Accompagné par l’artiste, le spectateur est amené à suivre un parcours particulier ou invité à faire son propre chemin dans le spectacle. Les couples sont parfois séparés, les amis plongés dans des espaces différents. Ainsi, chacun ne vit pas et ne voit pas la même chose que son voisin. Le spectateur est mis en situation « d’exception » pour l’aider à plonger avec nous dans la rencontre. Il danse ou ne danse pas ; il parle ou ne parle pas ; il boit ou ne boit pas ;il touche ou ne touche pas ; il accepte ou n’accepte pas. Ilimitrof désire faire vivre une expérience qui donne envie d’aller vers l’autre.
Ils sont des forces de proposition et de création et non de simples exécutants ou interprètes. Ils sont accompagnés «d’un chef d’orchestre ». Chacun est porteur de son propre message, de sa propre expérience. Son implication est déterminante dans la proposition artistique.
Le travail de la compagnie les amène à pouvoir répondre aux sollicitations directes du spectateur, en restant dans les marques de la fiction et du texte. La capacité de l’artiste à établir le contact dépend de sa capacité à inclure l’autre dans la relation. Le spectateur ne sait plus très bien si c’est un comédien ou « l’homme » qui s’adresse à lui. Dans ce travail relationnel délicat, l’artiste est souvent à la limite de la frontière entre lui-même et le personnage qu’il incarne.
C’est une des raisons pour laquelle les créations d’ILIMITROF‘ Compagny explorent des chemins parallèles ou détournés. Au cours du travail, nous proposons aux comédiens d’expérimenter et de tester des scènes du spectacle sur des spectateurs avertis, invités dans des chantiers public de création.
Mais pour que tout cela « marche » un metteur en scène ou plutôt: « un chef d’orchestre » est nécessaire. Il assure un regard extérieur et est le garant des parties pris et de la cohésion. Dans chaque spectacle, Ilimitrof choisit un « référent » susceptible d’assurer cette fonction ardue et essentielle.
La parole dite, le langage et le sens des mots est une préoccupation constante de nos créations. La compagnie travaille avec un écrivain qui imprègne, « l’ensemble de sa patte », de son style.
Mais nos spectacles s’appuient avant tout sur la proposition d’un thème de départ Dans ce choix, chaque artiste a une place essentielle. Ensuite l’écriture peut être individuelle et collective car elle naît d’improvisations, de fragments de textes personnels ou d’auteurs proposés par les artistes. Cette étape est importante car l’écrivain s’imprègne, collecte, rassemble, organise, adapte, transforme et propose une trame stable. (Pour « Les Triportés » et « Les Edenistes » on retrouve aussi bien des fragments d’auteurs comme Shakespeare, Michaux que les écrits des comédiens)

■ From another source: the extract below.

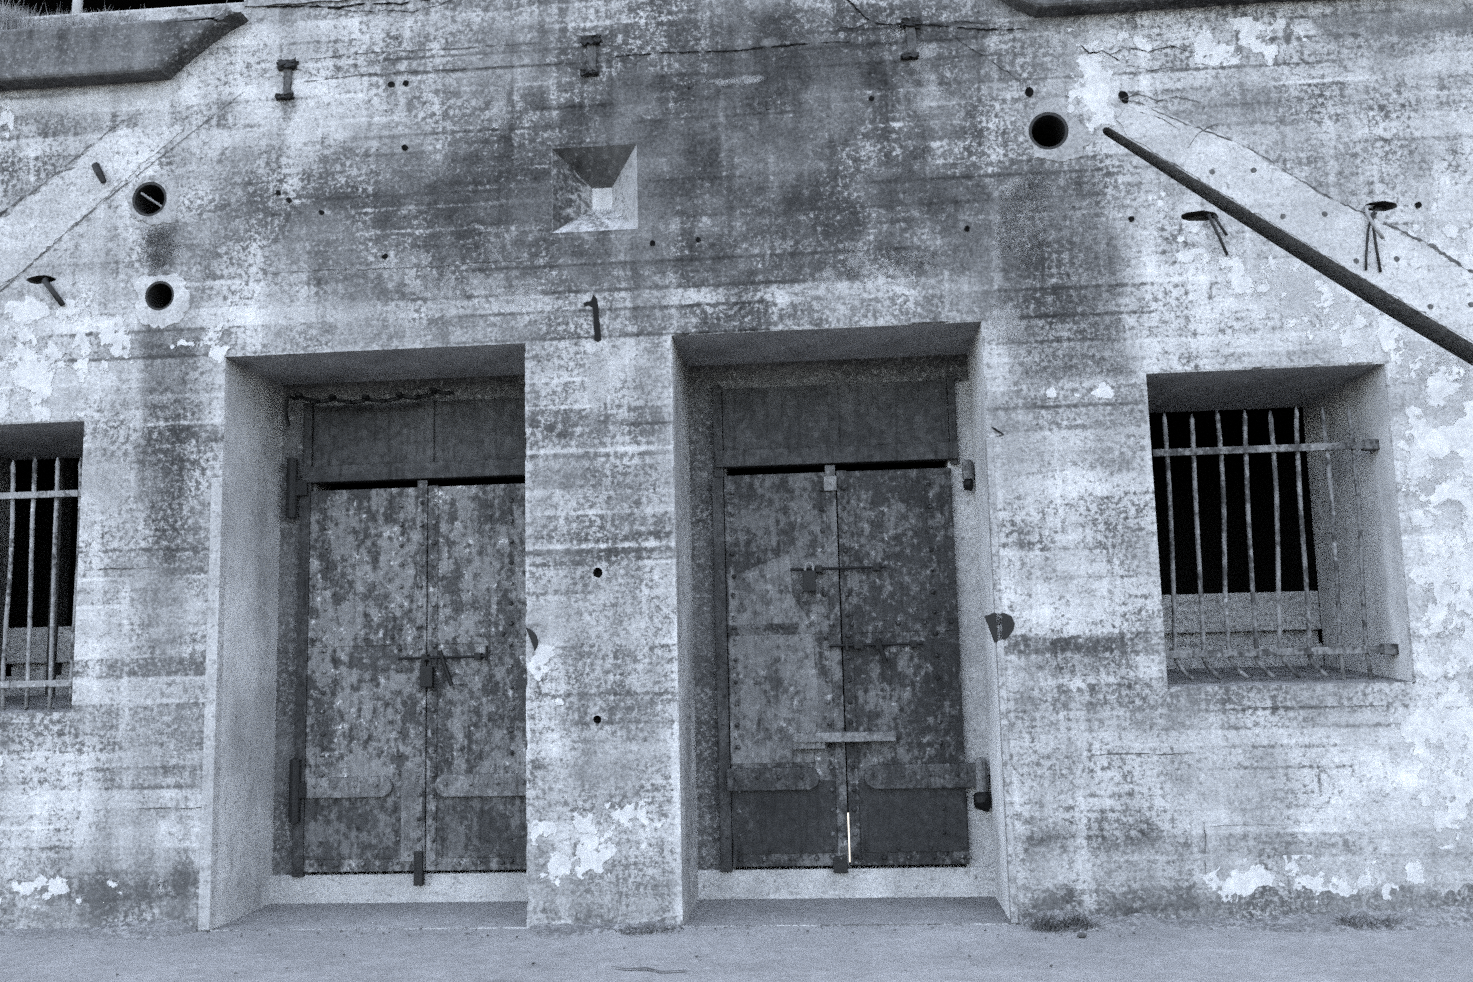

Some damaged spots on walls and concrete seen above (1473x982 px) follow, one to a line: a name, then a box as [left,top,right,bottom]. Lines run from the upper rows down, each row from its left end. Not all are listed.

Dans ce cheminement, il arrive aussi parfois que l’adaptation d’ un texte existant s’impose à nous.(Pour « Interférences Chinoises part 1, marions- les », dans le cadre du thème du mariage nous avons travaillé avec Christian Devèze et Marie Triboulet sur une adaptation de la laideur récompensée de LI YU auteur chinois et des improvisations ; dans « Interférences Chinoises part 2 », nous travaillerons sur George Dandin de Molière) .
La compagnie travaille avec un scénographe et un compositeur qui s’imprègnent du contexte mais aussi coordonnent les propositions. Pour nous la scénographie et la musique sont médiatrices de la fiction et de cette relation humaine particulière. Elles assurent le lien en mettant le spectateur dans un contexte.
L’espace scénographique et sonore sont des éléments déterminants du spectacle. La scénographie et la création sonore sont là pour transformer le regard sur un lieu quotidien et lui faire prendre un autre sens.